Special Topics in Calamity Physics, by Marisha Pessl

My book group met last night to discuss Special Topics in Calamity Physics, by Marisha Pessl. Let me tell you, it was a lively discussion! Where do I even start? Here’s the summary from Penguin:

Blue van Meer is the precocious only daughter of a dashing and scholarly father. After her mother’s death in a car accident when Blue is six, they hit the road together, traveling between her father’s ever-changing teaching positions in obscure college towns. While Blue’s intellectual gifts have been nurtured by her devoted father, she has never had a real home or friends. Instead, she has been raised on her father’s voice and on the literature and political history that he thrives on.

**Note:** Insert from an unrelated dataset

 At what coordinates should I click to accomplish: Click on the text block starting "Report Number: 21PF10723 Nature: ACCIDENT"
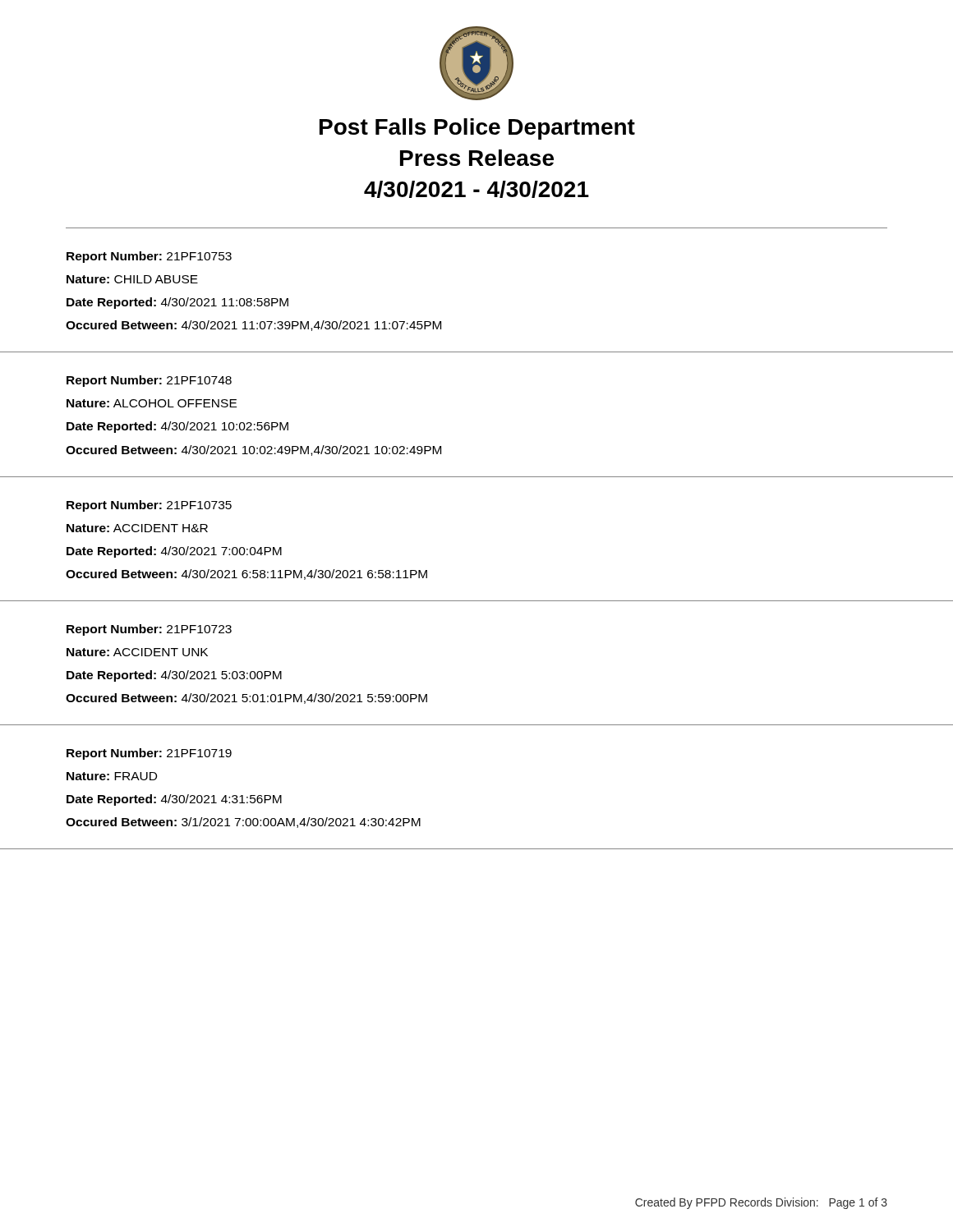tap(149, 630)
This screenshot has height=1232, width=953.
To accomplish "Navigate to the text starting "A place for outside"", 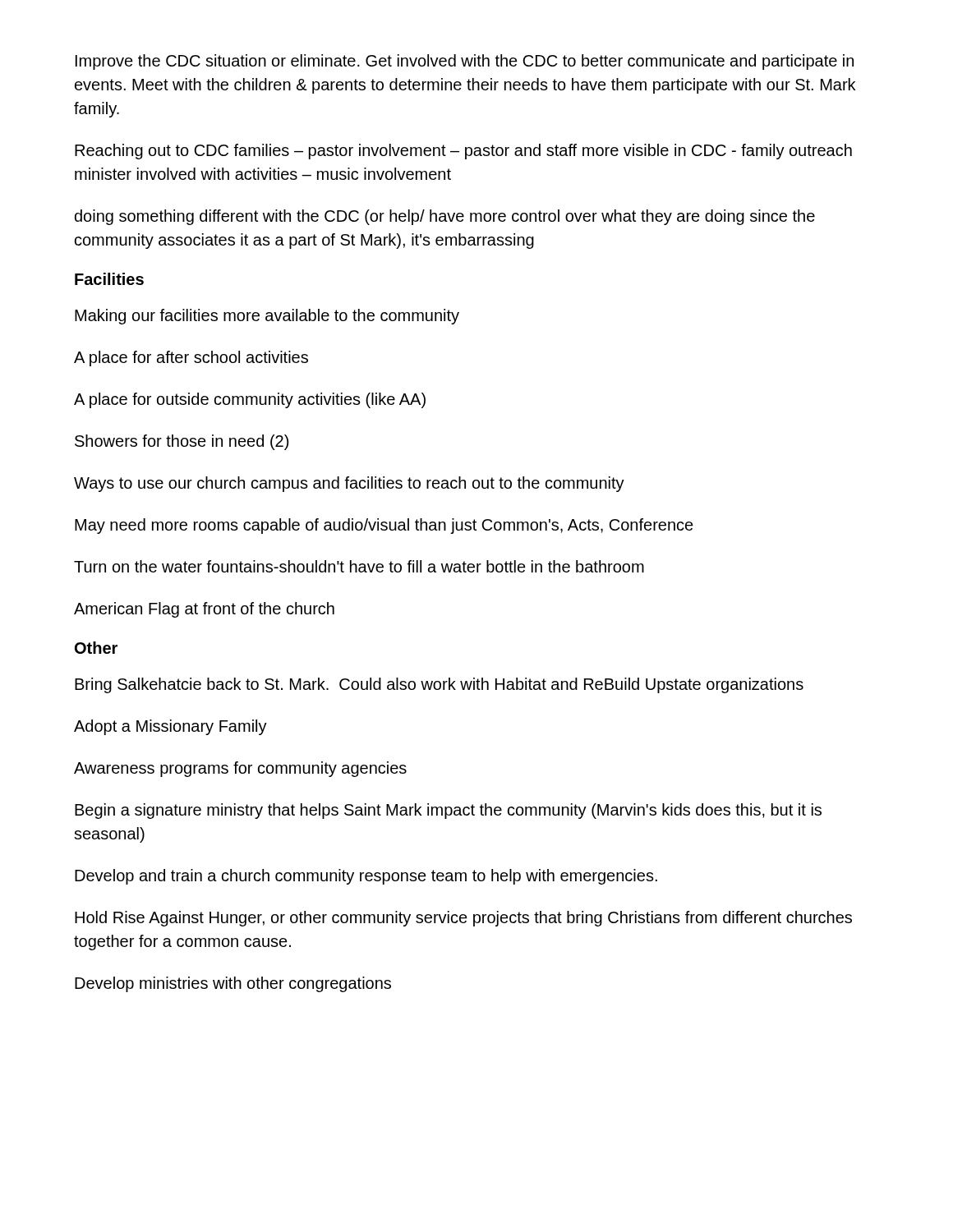I will 250,399.

Enter Hannah Schneider and the Bluebloods, an enigmatic clique at St. Gallway, the private school Blue enters for her senior year. Hannah is the gorgeous, mysterious mentor to a select group of St. Gallway seniors, and she invites dutiful and shy Blue to join them. A film studies teacher, Hannah is alluring and unconventional, “the lone bombshell slinking into a Norman Rockwell,” who treats the students as friends and equals. For the first time in her life, Blue finds herself drawn out of the insular family world she and her father have created, and into the lives of these maverick and beautiful peers.

I can’t go too deeply into the plot without giving things away so I will focus on how I felt when I read this. Prior to my group selecting this, I knew nothing about it. I had no idea what to expect at all but I was pleasantly surprised after the first few chapters. There are many references to the “core curriculum” and as you can imagine… core curriculum for college prep includes the reading of some well known literature. Each chapter relates to the literature she is currently reading, or has recently read. I was fascinated with this aspect of the book.

Blue is a complicated character. She is often at odds with her intellect. Wanting desperately to fit in yet constantly aware that she is surrounded by those less intelligent than her. Every interaction is met with her own internal commentary on the situation. Her nicknames for people, the references she makes about people, etc. Much of this I found to be quite humorous.

Her father’s banter, also a source of entertainment, made me even more curious about him. In the beginning I was charmed by their relationship. It was clear that he was dragging around an unwilling participant, but it was also clear that she realized her role in his little adventures and went along with them.. for the most part.

The other characters in the book were not as interesting and I often questioned their placement in the book. Hannah, the teacher that befriends Blue is like a torn flag, flapping in the wind. You want to take her down, smooth her out… do something with her but I didn’t get a good feel for who she was and what she wanted in life. The students that Blue hangs out with, were interesting as a whole, but not as individuals. I wonder if that was the author’s point.

Overall, I felt the book was long. Very long. Over 500 pages with the story getting interesting at around page 300. When we discussed it as a group, no one seemed to have issues with the open ended quality of the storyline. I thought that was interesting. Its cleverness seemed to outweigh anything else. We also did not expect this to be a mystery of sorts.

If I can make one suggestion to you, it would be to give yourself plenty of time to read this. I did not pace myself properly and ended up rushing towards the end in order to finish it in time for my meeting. Spread it out over a few weeks if possible. There is just so much going on and so many details to pay attention to.